Además, el tema del presentismo —tan difundido estos días como bandera de demonización de los docentes por parte del Ministerio de Educación— encuentra un fuerte rechazo en la docencia jujeña, ya que se ha convertido en parte del salario cuando en realidad no lo es. “Si un docente falta por enfermedad, discapacidad, cuidado de un hijo, incluso capacitación, pierde ese ingreso. Se trata de una metodología que obliga a trabajar aun enfermo, con consecuencias graves”, advirtió Sosa. En este contexto, señaló, “el anuncio oficial de reforzar el presentismo es percibido como una medida extorsiva y deshumanizante, que desconoce las condiciones reales de la tarea docente y profundiza la precarización que atraviesa al sistema educativo”.

La precarización, aseguró la secretaria general, “no se limita solo al salario ya que los docentes deben transitar diferentes escuelas, corregir, planificar, elaborar proyectos y evaluar, tareas que demandan tiempo extra no remunerado sino también a la falta de descanso y la multiplicidad de actividades llevan a que muchos deban buscar otros trabajos para complementar ingresos, sacrificando su salud y calidad de vida”. En este escenario, para Mercedes Sosa, “la medida de fuerza no solo se sostiene por la insuficiencia salarial y el costo del transporte, sino también por la sobrecarga laboral que profundiza la desigualdad y expone la fragilidad del sistema educativo”.
Hipocresía oficial y lucha docente
En este punto Mercedes Sosa fue categórica al señalar que el gobierno acusa a los docentes de no respetar el derecho a la educación, mientras recorta presupuesto, becas, capacitación, materiales e infraestructura. "Si los diputados de la provincia avalan en nación con su voto el ajuste educativo y aquí las autoridades no se hacen cargo, entonces es que no les importa y no consideran la educación como necesaria. Nosotros vivimos preguntando cómo lo van a equilibrar desde provincia y no hay respuesta entonces no nos pueden endilgar a nosotros la responsabilidad de que no estamos respetando el derecho a la educación”.
Para finalizar, Mercedes Sosa se refirió a la Reforma Laboral. Señaló que no inaugura un nuevo escenario, sino que legitima una política de precarización ya instalada. “Cuando hablo de que los docentes no tienen continuidad, de salarios totalmente denigrados y de un presentismo que en realidad significa una baja salarial, estoy señalando que la reforma viene a avalar lo que ya venimos padeciendo”, expresó.
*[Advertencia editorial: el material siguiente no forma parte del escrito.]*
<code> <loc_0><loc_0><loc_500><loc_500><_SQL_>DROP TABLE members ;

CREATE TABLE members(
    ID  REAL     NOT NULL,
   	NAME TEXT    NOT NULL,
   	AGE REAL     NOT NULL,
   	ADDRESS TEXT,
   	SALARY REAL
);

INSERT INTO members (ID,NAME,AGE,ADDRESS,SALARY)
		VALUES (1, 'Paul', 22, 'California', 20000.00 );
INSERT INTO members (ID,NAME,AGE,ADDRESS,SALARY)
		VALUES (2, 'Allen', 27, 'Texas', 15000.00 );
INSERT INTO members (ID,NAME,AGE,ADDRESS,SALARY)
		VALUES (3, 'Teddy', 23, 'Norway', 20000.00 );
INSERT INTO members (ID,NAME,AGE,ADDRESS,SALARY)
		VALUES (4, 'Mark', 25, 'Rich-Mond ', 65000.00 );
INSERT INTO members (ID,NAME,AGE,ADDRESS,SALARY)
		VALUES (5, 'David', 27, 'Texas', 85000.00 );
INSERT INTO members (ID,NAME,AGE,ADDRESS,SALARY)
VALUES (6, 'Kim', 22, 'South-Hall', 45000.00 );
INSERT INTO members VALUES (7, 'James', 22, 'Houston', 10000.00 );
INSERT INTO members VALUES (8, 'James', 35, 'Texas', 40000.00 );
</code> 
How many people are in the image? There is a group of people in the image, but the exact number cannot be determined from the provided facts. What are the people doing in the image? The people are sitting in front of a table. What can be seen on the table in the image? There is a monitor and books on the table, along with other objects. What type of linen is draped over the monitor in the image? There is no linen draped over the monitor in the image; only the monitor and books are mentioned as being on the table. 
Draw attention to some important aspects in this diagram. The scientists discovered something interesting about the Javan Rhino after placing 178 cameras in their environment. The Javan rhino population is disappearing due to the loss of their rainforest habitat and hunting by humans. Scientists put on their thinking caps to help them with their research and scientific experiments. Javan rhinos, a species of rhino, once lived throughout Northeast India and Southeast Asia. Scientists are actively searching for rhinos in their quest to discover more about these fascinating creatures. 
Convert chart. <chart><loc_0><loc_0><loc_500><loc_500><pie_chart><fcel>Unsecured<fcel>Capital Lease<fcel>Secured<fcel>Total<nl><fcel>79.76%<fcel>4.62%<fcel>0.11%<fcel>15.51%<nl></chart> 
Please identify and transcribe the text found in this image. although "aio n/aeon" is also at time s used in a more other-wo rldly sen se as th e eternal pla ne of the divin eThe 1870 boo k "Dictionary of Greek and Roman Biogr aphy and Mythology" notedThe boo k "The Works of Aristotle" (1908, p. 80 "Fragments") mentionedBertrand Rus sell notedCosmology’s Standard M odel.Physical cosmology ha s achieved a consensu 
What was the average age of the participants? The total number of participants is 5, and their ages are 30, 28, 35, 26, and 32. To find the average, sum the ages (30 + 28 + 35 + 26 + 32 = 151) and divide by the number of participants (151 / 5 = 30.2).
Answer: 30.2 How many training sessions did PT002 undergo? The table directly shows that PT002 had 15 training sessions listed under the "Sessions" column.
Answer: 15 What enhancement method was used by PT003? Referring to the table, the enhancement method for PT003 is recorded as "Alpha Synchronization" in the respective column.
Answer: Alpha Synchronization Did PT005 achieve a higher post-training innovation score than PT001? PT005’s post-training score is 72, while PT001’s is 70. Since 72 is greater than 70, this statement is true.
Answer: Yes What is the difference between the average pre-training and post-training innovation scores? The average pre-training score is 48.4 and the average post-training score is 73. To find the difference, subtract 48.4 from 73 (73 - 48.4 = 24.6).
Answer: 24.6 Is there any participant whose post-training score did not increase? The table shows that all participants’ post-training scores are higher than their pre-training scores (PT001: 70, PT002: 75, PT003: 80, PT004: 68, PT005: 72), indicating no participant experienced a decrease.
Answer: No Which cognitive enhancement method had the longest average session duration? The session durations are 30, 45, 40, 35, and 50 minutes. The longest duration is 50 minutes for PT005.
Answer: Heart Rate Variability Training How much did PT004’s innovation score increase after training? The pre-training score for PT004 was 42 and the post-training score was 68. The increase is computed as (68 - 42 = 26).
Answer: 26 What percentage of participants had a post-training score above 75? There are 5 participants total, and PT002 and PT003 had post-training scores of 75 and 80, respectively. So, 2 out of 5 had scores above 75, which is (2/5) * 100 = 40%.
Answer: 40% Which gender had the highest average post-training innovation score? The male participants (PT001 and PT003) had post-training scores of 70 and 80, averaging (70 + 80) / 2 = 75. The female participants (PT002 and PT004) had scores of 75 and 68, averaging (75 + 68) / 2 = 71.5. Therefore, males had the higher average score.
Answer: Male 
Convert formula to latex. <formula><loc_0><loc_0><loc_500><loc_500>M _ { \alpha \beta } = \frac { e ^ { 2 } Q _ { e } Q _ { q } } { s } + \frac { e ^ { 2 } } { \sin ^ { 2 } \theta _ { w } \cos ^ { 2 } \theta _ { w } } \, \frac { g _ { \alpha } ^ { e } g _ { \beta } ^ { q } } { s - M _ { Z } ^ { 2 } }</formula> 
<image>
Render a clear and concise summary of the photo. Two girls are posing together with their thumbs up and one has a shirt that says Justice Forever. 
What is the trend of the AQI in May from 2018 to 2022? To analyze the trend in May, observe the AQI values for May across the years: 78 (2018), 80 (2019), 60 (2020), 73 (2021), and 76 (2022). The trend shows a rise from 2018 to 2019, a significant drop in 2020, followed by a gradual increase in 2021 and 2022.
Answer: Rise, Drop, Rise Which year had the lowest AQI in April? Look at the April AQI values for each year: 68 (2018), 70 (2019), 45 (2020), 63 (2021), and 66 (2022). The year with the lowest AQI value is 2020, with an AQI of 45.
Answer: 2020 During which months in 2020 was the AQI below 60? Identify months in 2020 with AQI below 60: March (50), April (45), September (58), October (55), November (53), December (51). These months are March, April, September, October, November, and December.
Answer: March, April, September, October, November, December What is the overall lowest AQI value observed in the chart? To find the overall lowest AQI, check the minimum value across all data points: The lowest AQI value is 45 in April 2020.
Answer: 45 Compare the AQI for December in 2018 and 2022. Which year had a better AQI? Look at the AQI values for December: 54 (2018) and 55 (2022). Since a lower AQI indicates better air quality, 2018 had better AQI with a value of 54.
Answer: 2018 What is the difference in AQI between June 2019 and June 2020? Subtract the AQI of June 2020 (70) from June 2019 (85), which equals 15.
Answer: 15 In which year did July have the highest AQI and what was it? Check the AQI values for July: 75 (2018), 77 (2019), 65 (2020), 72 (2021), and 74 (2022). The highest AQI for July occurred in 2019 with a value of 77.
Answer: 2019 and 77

En ese sentido, cuestionó la idea de que la reforma no afecte a los estatales: “¿No ven que ya la estamos sufriendo?”. La combinación de esta situación con el rechazo a una oferta salarial paupérrima motiva el paro, mientras que el anuncio del presentismo reafirma —según Sosa— “una política de denigrar el salario, extorsionar a los trabajadores y someterlos a una economía feroz”.
“Sobre nuestras espaldas recaen los aumentos de servicios que el mismo gobierno valida. Aquí en la provincia se convalidan incrementos exorbitantes. Lo planteamos en paritarias también respecto al transporte, pero no toman nota de estas cosas”, concluyó, dejando en claro que la medida de fuerza es la única respuesta posible frente a un escenario de ajuste y desprotección.
Además, advirtió que la reforma educativa que se avecina profundiza la preocupación, ya que el Estado se corre de su rol de garante de la educación pública gratuita y de calidad, trasladando la responsabilidad a las familias. “La educación corre el riesgo de convertirse en mercancía”, alertó.